Today, my daughter lies prone on the living room floor, worksheets strewn around her. Her assignment? To draw a picture of herself as a grown up, driving a car – a fantasy she’s had since she hopped in her first Fisher Price mobile in preschool – and to write a story about it. Tears stream down her face as she wails in despair, “I’m not GOOD at drawing people! I don’t know how long to make the arms and I don’t know where to draw the line for the pants or how to shade them or…or…” She’s hiccupping now. I pull her away from the table and have her lie down with me on the couch. We breathe – in for a five second count and then out for a five second count. “I KEEP HICCUPPING!” she bellows. I tell her it’s okay. Just start over with the next breath. We’ll just keep doing it until her body calms down.
After a few minutes, she relaxes against my side. I kiss the top of her sweaty head. I want to tell her that her teacher cares not one fig about arm length or pants shading because she has 32 worksheets to correct, that all this furious emoting is wasted energy and that if she’d just started drawing instead of freaking out over her artistic abilities, she would be done by now. What I say is, “It’s okay if you make a mistake. You know how I know it’s normal for people to make mistakes?” She peers at me sideways through wet lashes. “How?”
“Because erasers exist.”
“Ohhhh,” she says, clearly thinking of her massive eraser collection. “I guess people must make a lot of mistakes if there are so many erasers.”

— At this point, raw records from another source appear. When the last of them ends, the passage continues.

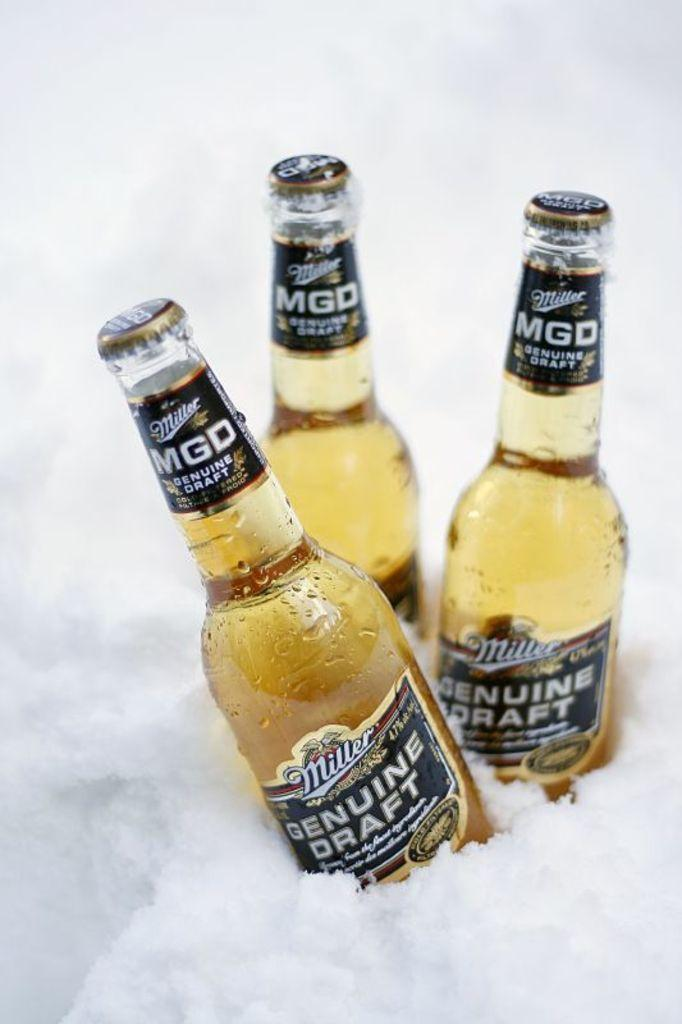<image>
Give a short and clear explanation of the subsequent image. Three bottles of Miller Genuine Draft sit in the snow. 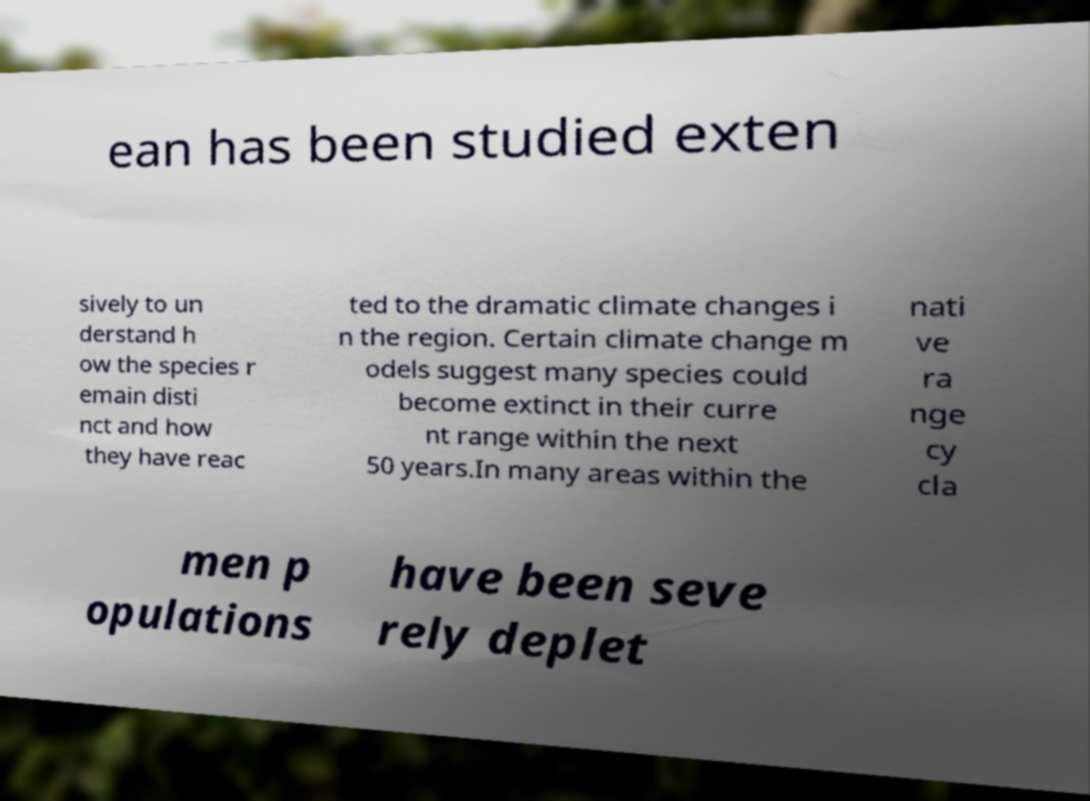There's text embedded in this image that I need extracted. Can you transcribe it verbatim? ean has been studied exten sively to un derstand h ow the species r emain disti nct and how they have reac ted to the dramatic climate changes i n the region. Certain climate change m odels suggest many species could become extinct in their curre nt range within the next 50 years.In many areas within the nati ve ra nge cy cla men p opulations have been seve rely deplet 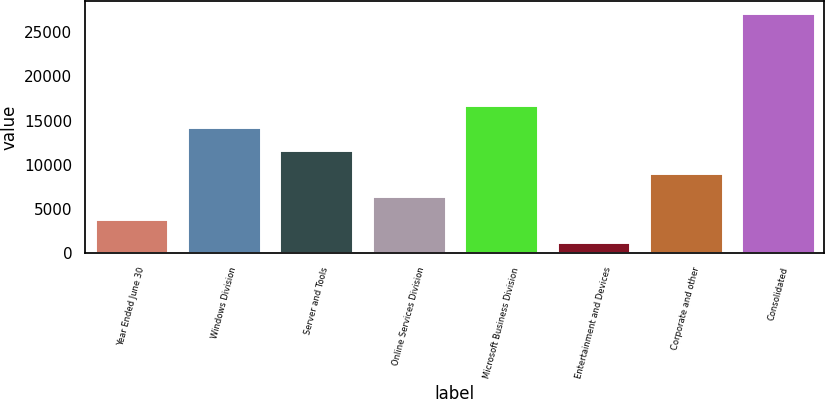Convert chart. <chart><loc_0><loc_0><loc_500><loc_500><bar_chart><fcel>Year Ended June 30<fcel>Windows Division<fcel>Server and Tools<fcel>Online Services Division<fcel>Microsoft Business Division<fcel>Entertainment and Devices<fcel>Corporate and other<fcel>Consolidated<nl><fcel>3885.2<fcel>14230<fcel>11643.8<fcel>6471.4<fcel>16816.2<fcel>1299<fcel>9057.6<fcel>27161<nl></chart> 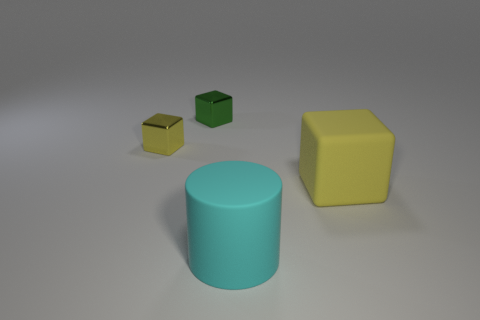The green thing that is the same material as the tiny yellow thing is what shape?
Keep it short and to the point. Cube. Is the number of cyan rubber cylinders that are right of the large cyan cylinder greater than the number of tiny yellow things?
Your answer should be compact. No. What number of big matte blocks have the same color as the large cylinder?
Provide a succinct answer. 0. What number of other things are there of the same color as the big cylinder?
Provide a short and direct response. 0. Is the number of tiny cubes greater than the number of things?
Offer a very short reply. No. What is the big cylinder made of?
Your response must be concise. Rubber. There is a yellow block that is in front of the yellow shiny cube; is it the same size as the big cyan rubber cylinder?
Your response must be concise. Yes. What is the size of the yellow cube on the left side of the cyan object?
Ensure brevity in your answer.  Small. What number of tiny gray metal balls are there?
Offer a terse response. 0. What is the color of the block that is in front of the green object and to the right of the tiny yellow metallic cube?
Provide a short and direct response. Yellow. 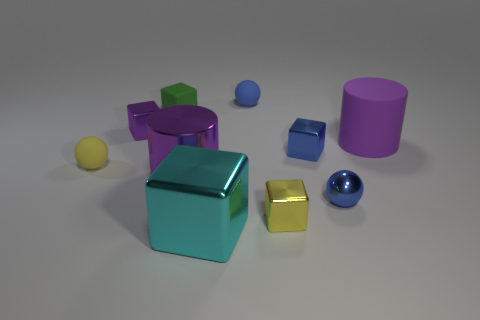Subtract all blue blocks. How many blocks are left? 4 Subtract all yellow blocks. How many blocks are left? 4 Subtract 2 cubes. How many cubes are left? 3 Subtract all brown blocks. Subtract all cyan cylinders. How many blocks are left? 5 Subtract all balls. How many objects are left? 7 Subtract all small purple matte cubes. Subtract all tiny blue blocks. How many objects are left? 9 Add 6 small matte spheres. How many small matte spheres are left? 8 Add 8 gray cylinders. How many gray cylinders exist? 8 Subtract 0 green cylinders. How many objects are left? 10 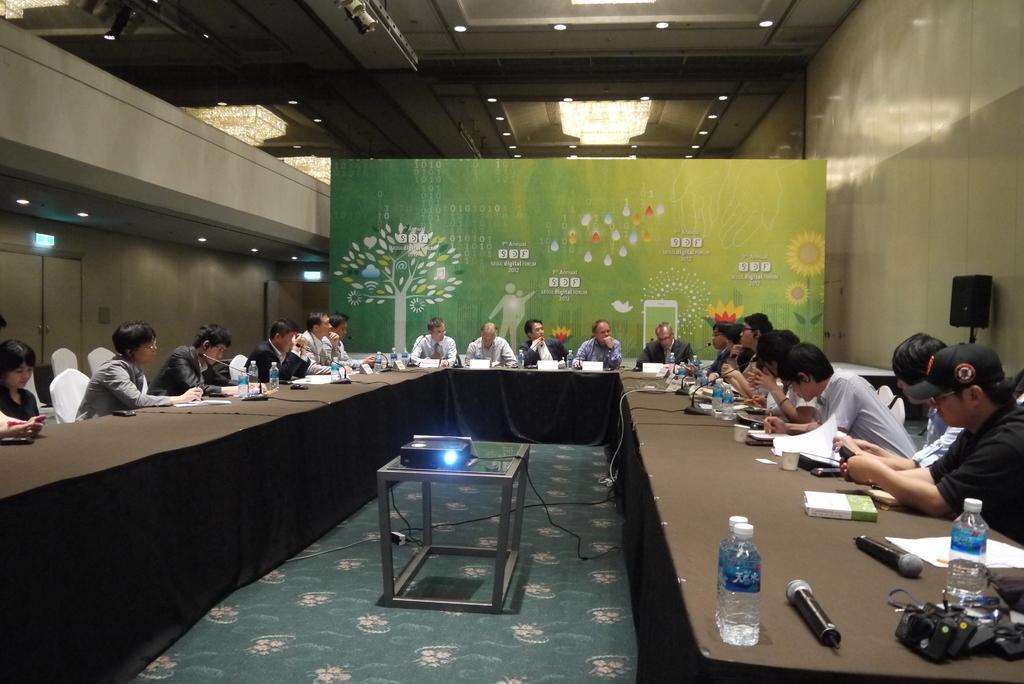Could you give a brief overview of what you see in this image? In the image I can see some people sitting in front of the table on which there are some mics, bottles, books and some other things and also I can see a projector screen and some lights to the roof. 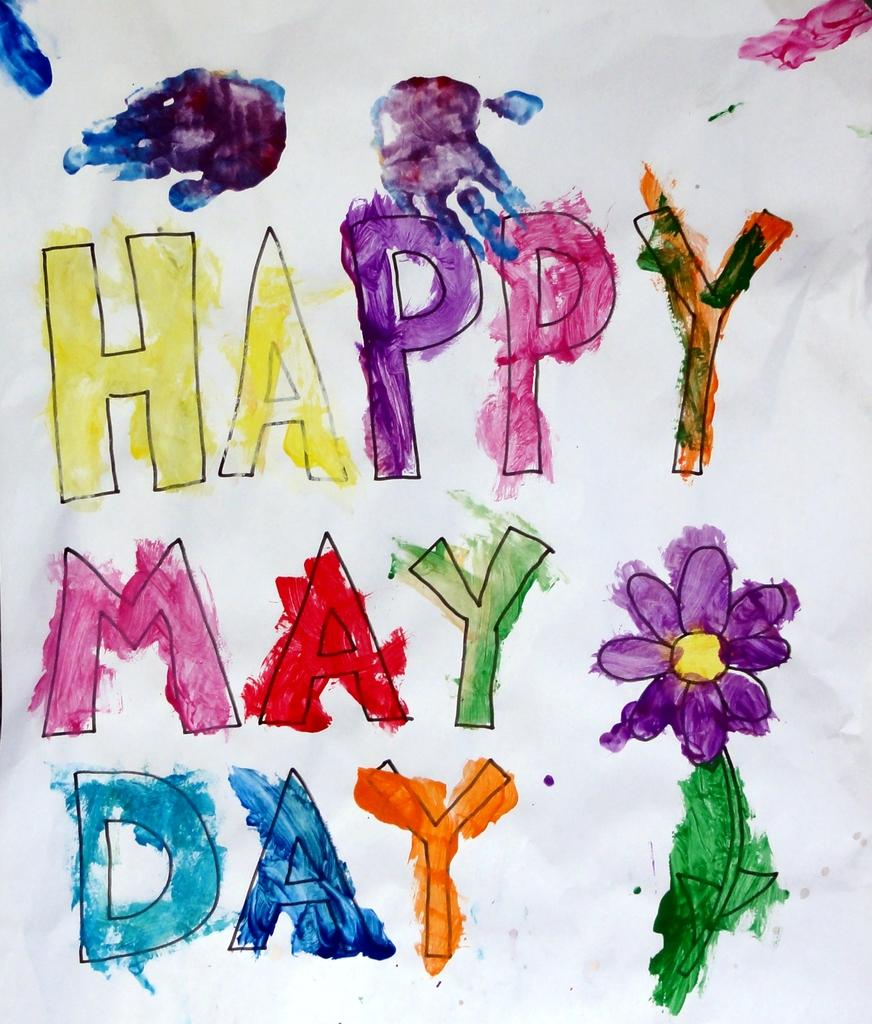What is depicted in the image? There is a text and a flower in the image. How are the text and the flower represented in the image? The text and the flower are painted with watercolors. Can you describe the style of the painting? The text and the flower are painted with watercolors, which gives them a soft and fluid appearance. How much sugar is used to paint the flower in the image? There is no sugar used to paint the flower in the image; it is painted with watercolors}. Is there a rail visible in the image? There is no rail present in the image.

I tell her about my new motto: done is better than perfect. “Do you know what that means?”
“I think so. If you’re trying too hard to be perfect, you won’t ever get anything done?”
She promises that instead of saying “I’m not good at this” she’ll tell herself “I am going to try this and see how it turns out.” I promise to do the same.
Debbi
Your timing in this is perfect in my life. Thank you.
Nanea Hoffman
I love it that when I’m basically talking to myself, other people can relate. 🙂
Shannon Taylor Hodnett
This truly needs to be my motto! I am way too much pf a perfectionist with my writing & editing. I have trouble EVER feeling like my novel is finished. I’m always finding something to change with every read-through and it drives me crazy! I have to cut myself off and just force myself to be done.
It’s something I am working on as well…trying not to edit as I write…just putting whatever down on the page and gettng it DONE. ^_^
Thanks for this post…you are awesome as always! ♥
Nanea Hoffman
Shannon, editing as I write is a habit I am trying SO hard to break. We need to give ourselves permission to tell the story imperfectly so we can get the story told.
Connie Daley
Thank you for this. I would say more but I’m busy trying to get my head out of my ass. So just THANK YOU.
Oh, an you’re a really good mommy.
Nanea Hoffman
Thanks, Connie! Here’s to us buttheads.
Becky
Thank you SO much for this! I LOVE the sweatpants and coffee page. This is the first time I have heard perfectionism described in a way that I could relate to. Please continue to write and share and be your genuine self.
Thanks!
Nanea Hoffman
Thanks for reading and commenting, Becky! It’s nice to know we aren’t alone in our struggles.
emily
I really needed this. Thank you.
Mich
Congrats on the Role/Reboot repost 🙂 It was fun to see your name and be like, hey, I read that Friday!
Gabe
I have had writers block for 15 years. I think this article has kind of pinpointed the real issue. Thanks!! This is my favorite fb page ever.
Angie Young
I really needed to see this today. I have failed at blogging a few times before. Pretty much because I thought it had to be perfect but wasn’t measuring up in my eyes. I know blogging is something I really want to do and seeing your motto lets me know that I can do it. I just need to quit trying to be perfect and just do it.